Modifying Dockerfile and docker-compose.yml

⏭️
If you cloned the fork above, all changes in this section are already applied. Skip ahead to "Running".

While an official Docker image is available, we'll build a custom image this time. The repository includes both Dockerfile-server-base and Dockerfile-server, but the latter simply copies the Python source code on top of the former's image.
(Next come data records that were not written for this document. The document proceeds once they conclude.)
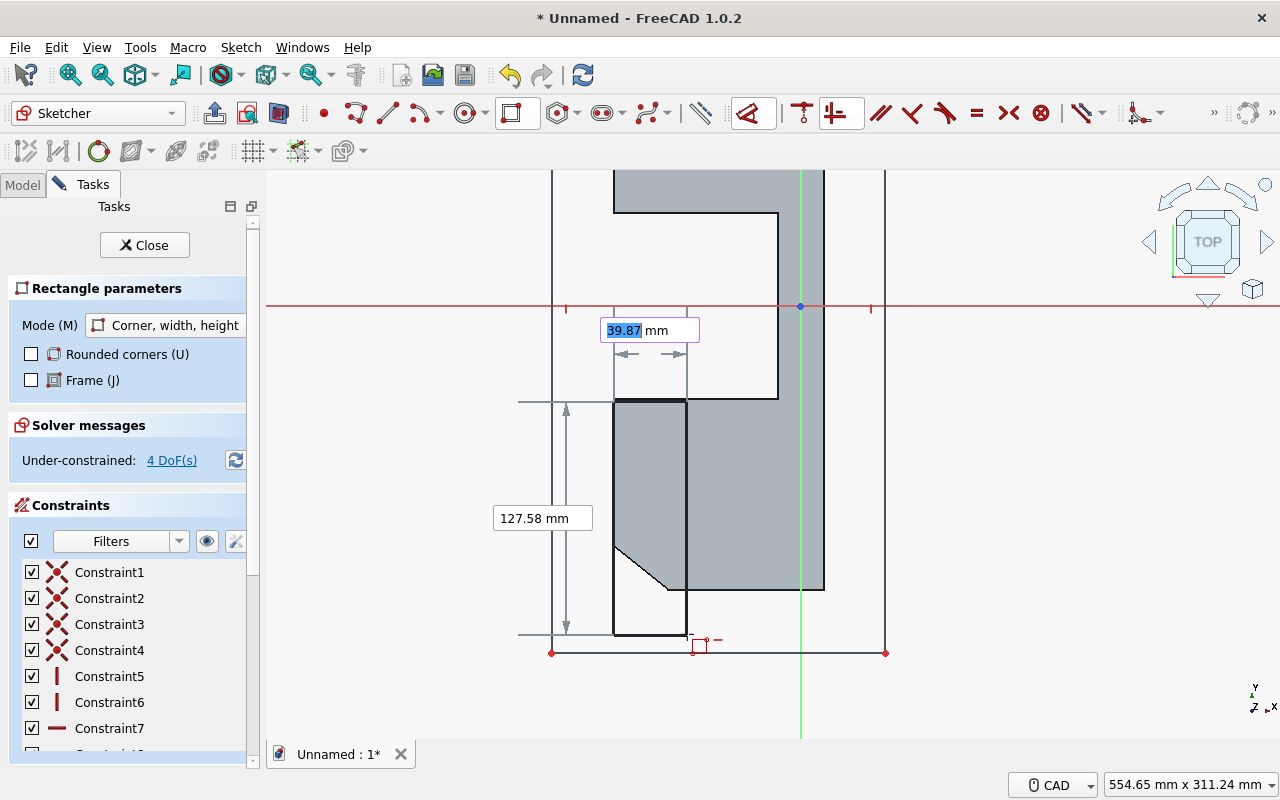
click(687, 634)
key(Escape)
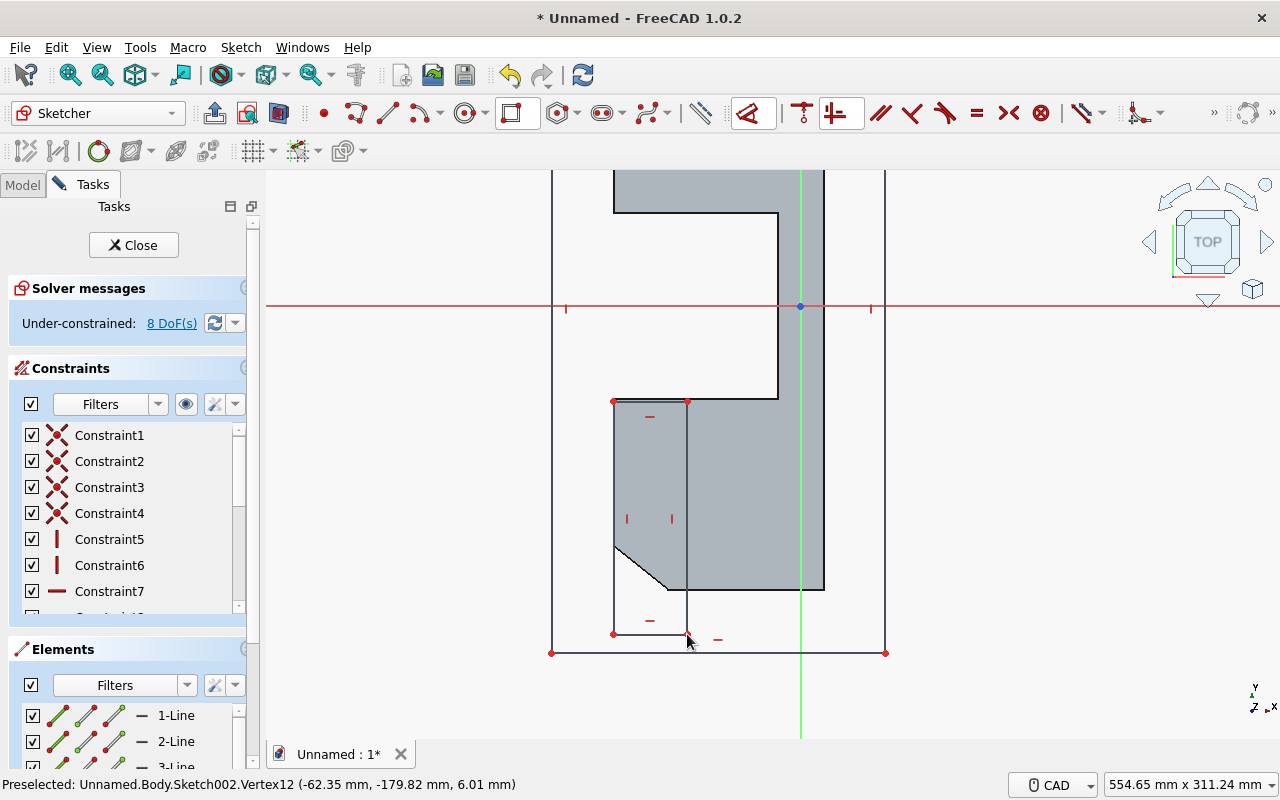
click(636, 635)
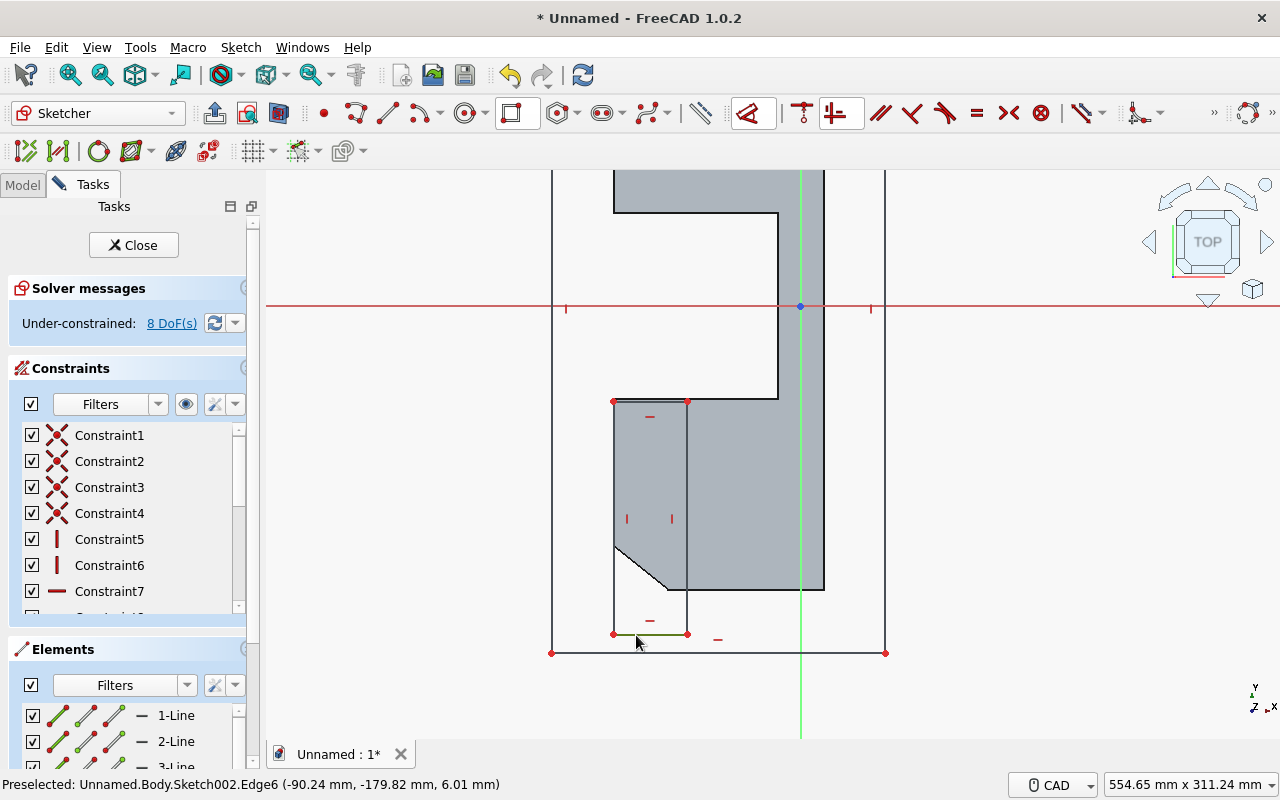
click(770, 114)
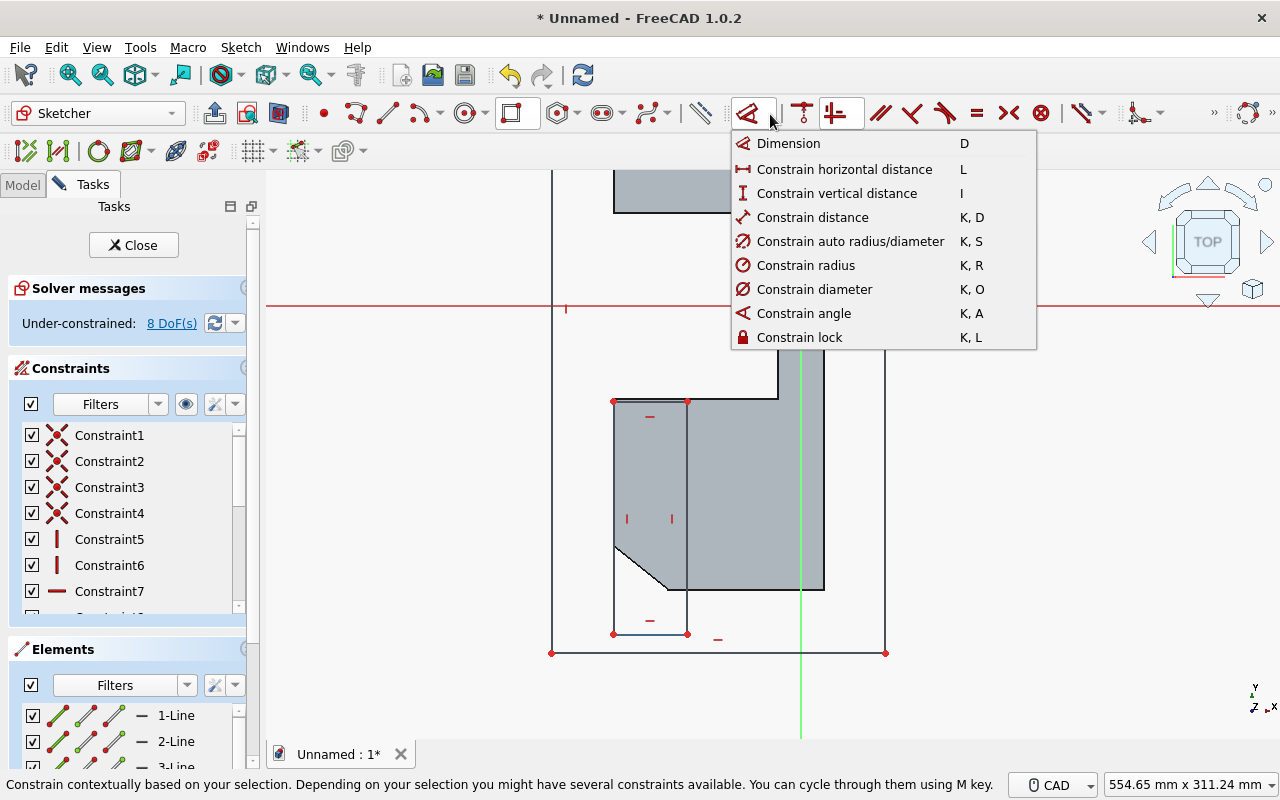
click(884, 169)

Since we'll be mounting the source code directly via Docker Compose, Dockerfile-server is not used.

Modify Dockerfile-server-base with the following changes:

  • Remove Chinese locale settings
  • Remove Chinese pip mirror config
  • Optimize build with Bind Mount and Cache Mount
  • Add Python env vars (PYTHONUNBUFFERED=1 and PYTHONUTF8=1)
# Dockerfile-server-base
FROM python:3.10-slim

RUN --mount=type=cache,target=/var/cache/apt,sharing=locked \
    --mount=type=cache,target=/var/lib/apt,sharing=locked \
  rm -f /etc/apt/apt.conf.d/docker-clean && \
  apt-get update && \
  apt-get install -y --no-install-recommends libopus0 ffmpeg

ENV \
  PYTHONUTF8=1 \
  PYTHONIOENCODING=utf-8 \
  PYTHONUNBUFFERED=1

WORKDIR /opt/xiaozhi-esp32-server

RUN --mount=type=bind,src=main/xiaozhi-server/requirements.txt,dst=requirements.txt \
    --mount=type=cache,target=/root/.cache/pip \
  pip install --upgrade pip setuptools wheel && \
  pip install -r requirements.txt --default-timeout=120 --retries 5
Dockerfile-server-base

Modify docker-compose.yml as well.

Changes:

  • Use the custom-built image
  • Change the timezone to JST (Asia/Tokyo)
  • Mount the Python source code directly (By default, it is configured to mount only the data folder and the ASR model to the prebuilt source-code-included image)
@@ -3,13 +3,17 @@
   xiaozhi-esp32-server:
-    image: ghcr.nju.edu.cn/xinnan-tech/xiaozhi-esp32-server:server_latest
+    build:
+      context: ../..
+      dockerfile: Dockerfile-server-base
+    command: ["python", "app.py"]
     environment:
-      - TZ=Asia/Shanghai
+      - TZ=Asia/Tokyo
     volumes:
-      - ./data:/opt/xiaozhi-esp32-server/data
-      - ./models/SenseVoiceSmall/model.pt:/opt/xiaozhi-esp32-server/models/SenseVoiceSmall/model.pt
+      - .:/opt/xiaozhi-esp32-server
main/xiaozhi-server/docker-compose.yml

Firmware Modification

To connect to the server running on your PC, the endpoint that StackChan connects to must be changed.

Currently, the connection endpoint cannot be changed from the official app or similar tools, so we must directly modify the firmware.

⚠️
Firmware modification may cause StackChan to malfunction or fail to boot (bricking).

As a last resort, use the M5Stack official flashing tool M5Burner to perform a flash erase (including all NVS settings such as Wi-Fi) and reflash the stock firmware.

Development Environment Setup

Set up ESP-IDF, the official ESP32 development environment, and build and flash the stock firmware from the firmware/ directory in the official repository.

See a separate article on Zenn for detailed build and flash instructions.

Reference Sites:

Firmware Modification (Changing the OTA Endpoint)

The firmware retrieves various settings from an OTA server at startup, and the Xiaozhi AI WebSocket endpoint is included in those settings.

The flow in the stock firmware after launching AI.AGENT:

  • Connect to OTA URL (https://api.tenclass.net/xiaozhi/ota/)
  • Retrieve settings including the Xiaozhi AI WebSocket endpoint from the OTA server and write them to the flash's settings area (NVS)
  • (Update firmware if a newer version is available)
  • Connect to the WebSocket endpoint URL retrieved from NVS

xiaozhi-esp32-server provides not only a WebSocket endpoint but also an HTTP OTA endpoint, so we use that to distribute the Xiaozhi AI WebSocket endpoint URL.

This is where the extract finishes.